Since the listing below shows pictures, leave them out and write out exactly the lines from the line with "Mind fitting a" to the line with "This view is", both included, and no others.

· · ·

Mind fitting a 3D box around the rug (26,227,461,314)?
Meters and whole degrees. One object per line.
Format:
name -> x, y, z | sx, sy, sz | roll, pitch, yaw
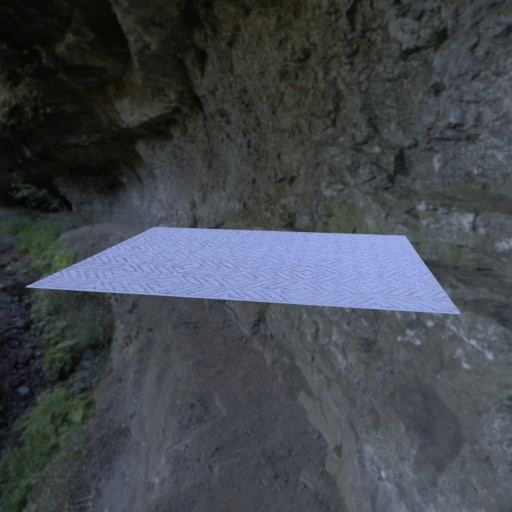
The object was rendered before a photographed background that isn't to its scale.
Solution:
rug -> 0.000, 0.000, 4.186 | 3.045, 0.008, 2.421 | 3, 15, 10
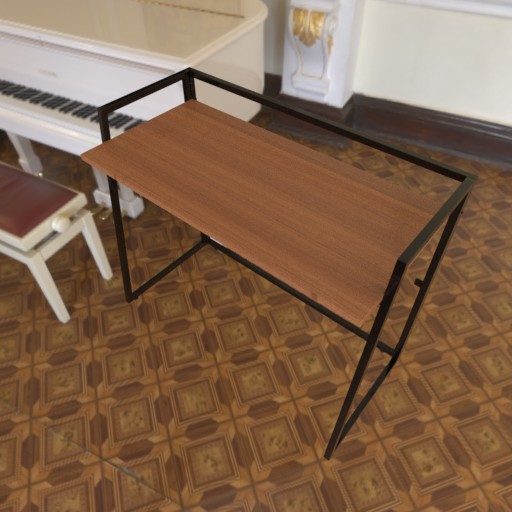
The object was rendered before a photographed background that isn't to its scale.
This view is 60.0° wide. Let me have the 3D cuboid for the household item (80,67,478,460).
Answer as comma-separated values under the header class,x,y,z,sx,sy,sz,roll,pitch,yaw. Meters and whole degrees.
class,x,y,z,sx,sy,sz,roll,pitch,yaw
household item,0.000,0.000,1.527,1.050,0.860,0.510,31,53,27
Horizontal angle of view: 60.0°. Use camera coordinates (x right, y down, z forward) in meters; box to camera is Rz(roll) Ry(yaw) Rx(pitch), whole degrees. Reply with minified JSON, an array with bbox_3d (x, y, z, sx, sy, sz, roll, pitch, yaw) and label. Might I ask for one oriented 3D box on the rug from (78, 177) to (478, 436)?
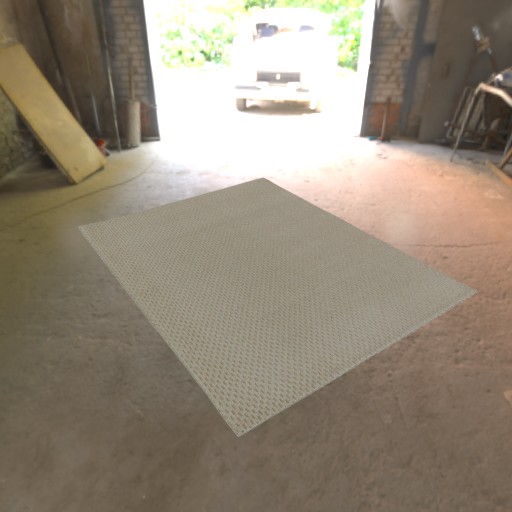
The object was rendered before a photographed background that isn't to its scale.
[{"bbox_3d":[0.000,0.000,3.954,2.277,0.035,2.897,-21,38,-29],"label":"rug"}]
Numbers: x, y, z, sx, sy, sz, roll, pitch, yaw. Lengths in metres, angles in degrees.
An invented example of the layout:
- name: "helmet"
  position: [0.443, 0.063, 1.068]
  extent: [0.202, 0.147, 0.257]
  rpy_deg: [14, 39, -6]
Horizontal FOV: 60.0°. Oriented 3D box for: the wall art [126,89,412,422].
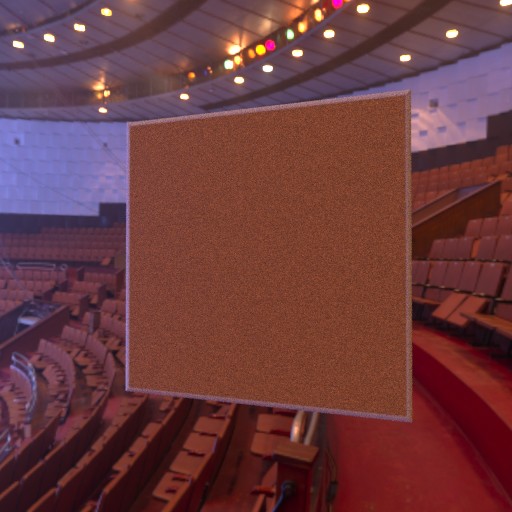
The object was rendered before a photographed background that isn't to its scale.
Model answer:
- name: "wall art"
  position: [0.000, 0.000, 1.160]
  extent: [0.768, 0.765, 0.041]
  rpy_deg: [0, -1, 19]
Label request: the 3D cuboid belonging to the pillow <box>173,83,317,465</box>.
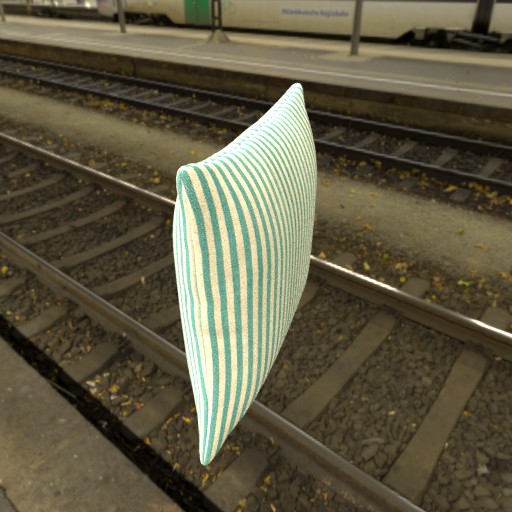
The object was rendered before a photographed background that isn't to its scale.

· · ·

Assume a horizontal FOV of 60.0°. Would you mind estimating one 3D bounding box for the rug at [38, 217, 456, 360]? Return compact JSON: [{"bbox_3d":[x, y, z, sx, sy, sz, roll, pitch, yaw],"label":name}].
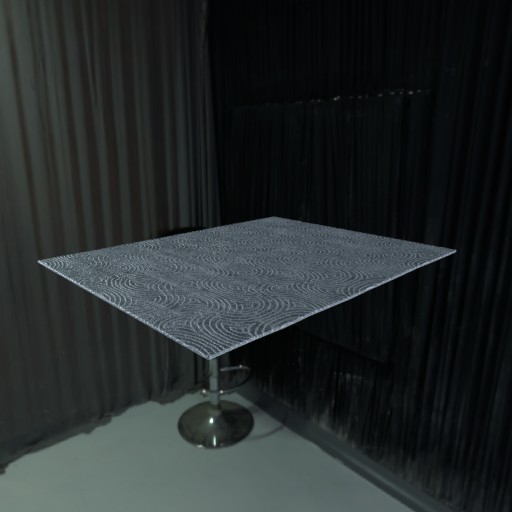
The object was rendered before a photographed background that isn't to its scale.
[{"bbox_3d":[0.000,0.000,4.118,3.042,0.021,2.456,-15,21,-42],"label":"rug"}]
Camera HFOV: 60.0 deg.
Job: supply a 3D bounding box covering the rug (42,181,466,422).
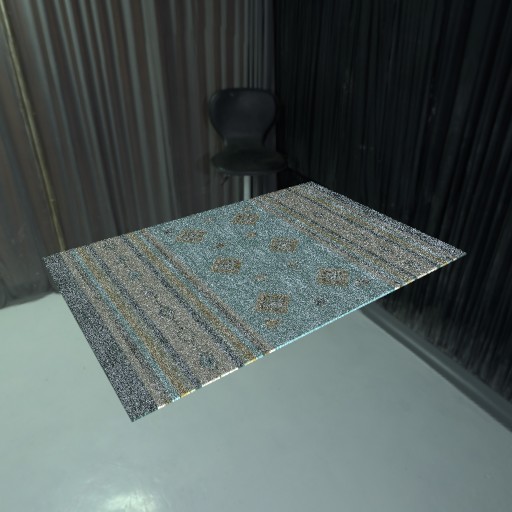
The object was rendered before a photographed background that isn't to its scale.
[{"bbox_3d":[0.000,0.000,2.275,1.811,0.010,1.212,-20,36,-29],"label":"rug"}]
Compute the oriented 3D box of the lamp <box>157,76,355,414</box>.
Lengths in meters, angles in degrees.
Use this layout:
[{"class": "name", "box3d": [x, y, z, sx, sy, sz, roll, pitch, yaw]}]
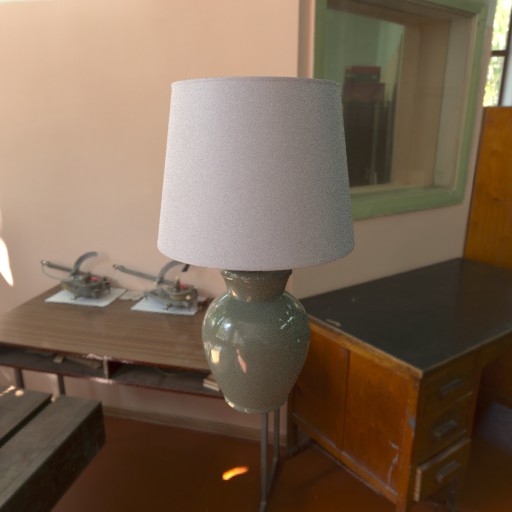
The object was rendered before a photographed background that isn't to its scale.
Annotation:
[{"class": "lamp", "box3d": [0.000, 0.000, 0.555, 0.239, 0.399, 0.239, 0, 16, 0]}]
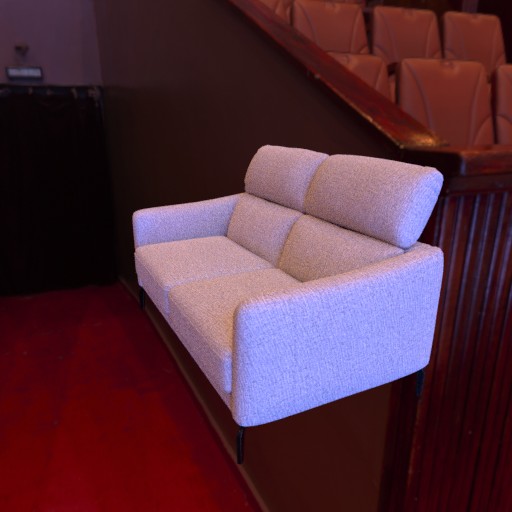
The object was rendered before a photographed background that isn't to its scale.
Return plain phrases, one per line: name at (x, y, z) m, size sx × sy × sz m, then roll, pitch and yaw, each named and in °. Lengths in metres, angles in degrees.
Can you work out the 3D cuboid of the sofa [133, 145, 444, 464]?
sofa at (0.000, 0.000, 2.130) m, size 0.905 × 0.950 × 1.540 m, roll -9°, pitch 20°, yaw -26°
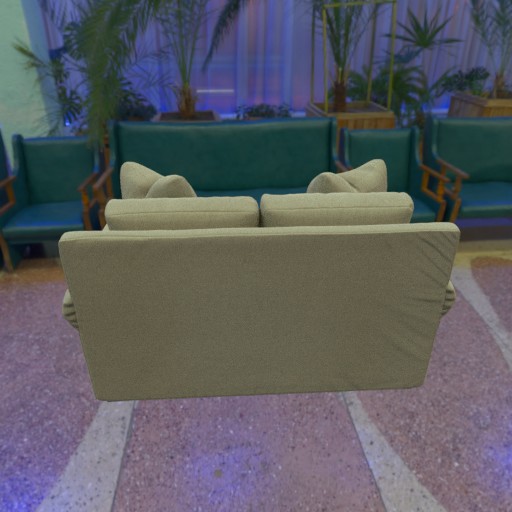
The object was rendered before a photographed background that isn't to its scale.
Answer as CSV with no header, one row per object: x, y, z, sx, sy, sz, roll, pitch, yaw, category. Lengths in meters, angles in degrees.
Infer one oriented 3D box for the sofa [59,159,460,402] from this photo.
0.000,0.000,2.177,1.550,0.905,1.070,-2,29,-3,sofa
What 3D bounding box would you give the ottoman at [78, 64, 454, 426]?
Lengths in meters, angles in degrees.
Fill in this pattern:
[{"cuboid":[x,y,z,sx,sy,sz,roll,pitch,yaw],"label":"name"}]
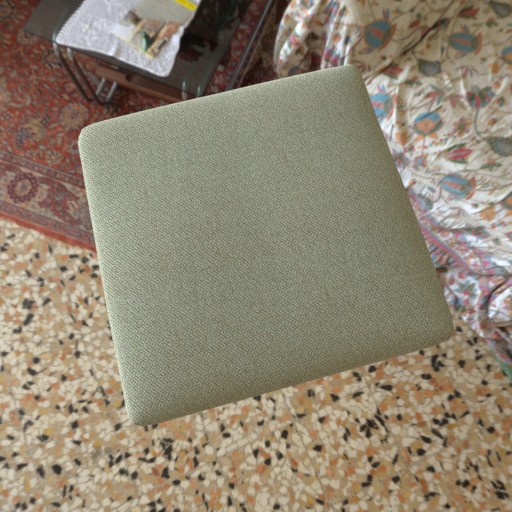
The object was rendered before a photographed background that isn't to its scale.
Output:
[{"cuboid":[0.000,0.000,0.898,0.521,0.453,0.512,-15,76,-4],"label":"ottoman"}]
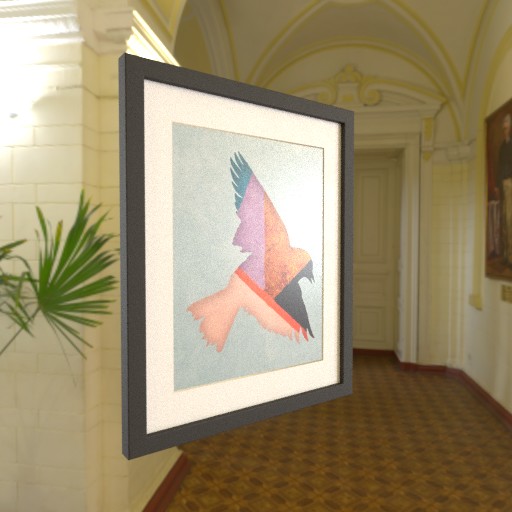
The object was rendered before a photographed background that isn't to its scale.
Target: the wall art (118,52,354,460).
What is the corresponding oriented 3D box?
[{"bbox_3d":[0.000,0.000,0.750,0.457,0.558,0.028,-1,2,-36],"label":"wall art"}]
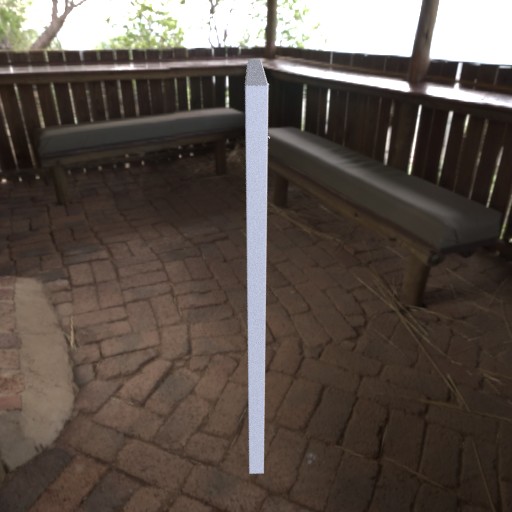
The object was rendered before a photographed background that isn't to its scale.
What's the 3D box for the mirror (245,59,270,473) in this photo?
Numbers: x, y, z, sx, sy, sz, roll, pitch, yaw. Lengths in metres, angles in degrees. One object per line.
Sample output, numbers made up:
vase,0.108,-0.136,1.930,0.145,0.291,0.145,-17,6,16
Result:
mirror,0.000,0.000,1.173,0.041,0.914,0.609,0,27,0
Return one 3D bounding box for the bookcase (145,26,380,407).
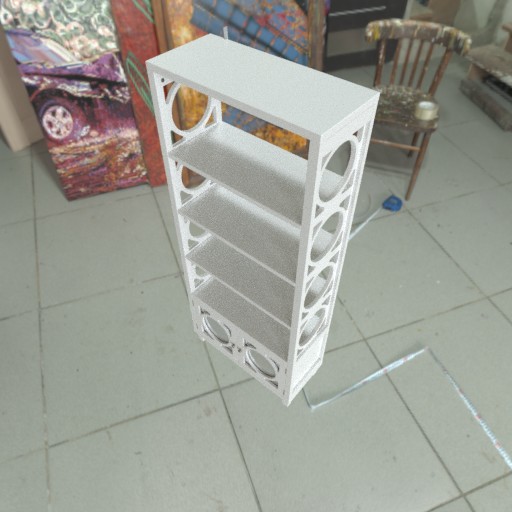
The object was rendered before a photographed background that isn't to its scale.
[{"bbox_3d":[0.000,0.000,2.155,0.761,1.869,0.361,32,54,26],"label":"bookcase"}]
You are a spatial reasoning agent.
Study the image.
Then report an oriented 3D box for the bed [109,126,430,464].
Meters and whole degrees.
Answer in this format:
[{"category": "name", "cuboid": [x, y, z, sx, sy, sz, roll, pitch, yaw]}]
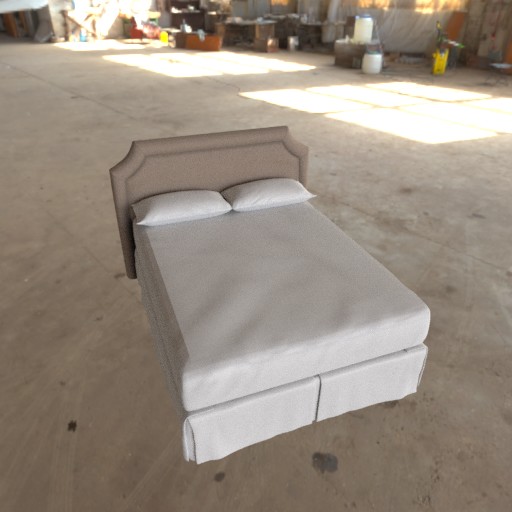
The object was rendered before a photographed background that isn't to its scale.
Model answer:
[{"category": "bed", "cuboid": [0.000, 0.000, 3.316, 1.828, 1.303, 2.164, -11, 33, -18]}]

· · ·

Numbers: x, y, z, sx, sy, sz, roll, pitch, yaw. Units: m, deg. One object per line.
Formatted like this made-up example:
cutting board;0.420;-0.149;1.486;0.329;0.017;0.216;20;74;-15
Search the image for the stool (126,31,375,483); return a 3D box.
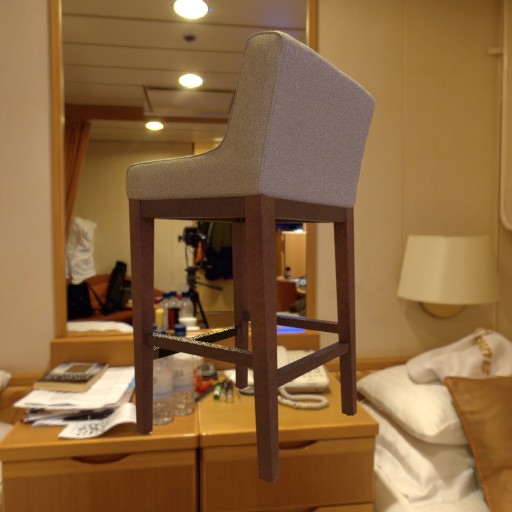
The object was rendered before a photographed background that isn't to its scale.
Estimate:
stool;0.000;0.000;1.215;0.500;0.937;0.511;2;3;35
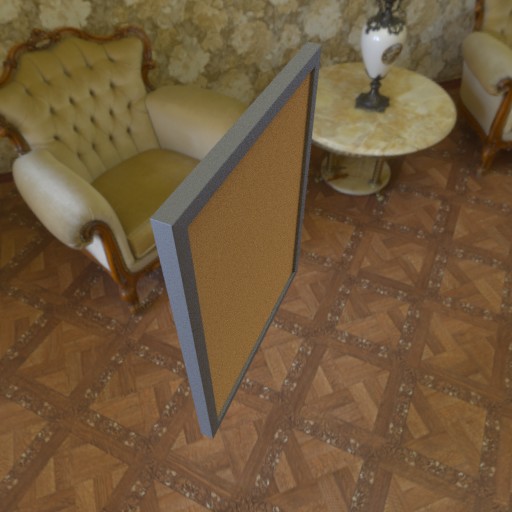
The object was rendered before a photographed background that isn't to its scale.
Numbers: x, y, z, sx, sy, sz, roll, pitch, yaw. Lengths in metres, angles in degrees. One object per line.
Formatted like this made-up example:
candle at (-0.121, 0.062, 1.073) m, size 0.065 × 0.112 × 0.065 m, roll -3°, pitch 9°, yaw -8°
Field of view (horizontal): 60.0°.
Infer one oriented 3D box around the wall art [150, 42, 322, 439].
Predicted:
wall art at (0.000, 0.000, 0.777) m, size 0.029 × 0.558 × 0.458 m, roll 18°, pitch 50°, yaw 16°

· · ·

> **Task output**
Mind fitting a 3D box around the rug (26,227,461,314)?
Meters and whole degrees. One object per line.
Format:
name -> x, y, z | sx, sy, sz | roll, pitch, yaw
The object was rendered before a photographed background that isn't to its scale.
Solution:
rug -> 0.000, 0.000, 4.186 | 3.045, 0.008, 2.421 | 3, 15, 10
The object was rendered before a photographed background that isn't to its scale.
This view is 60.0° wide. Let me have the 3D cuboid for the household item (80,67,478,460).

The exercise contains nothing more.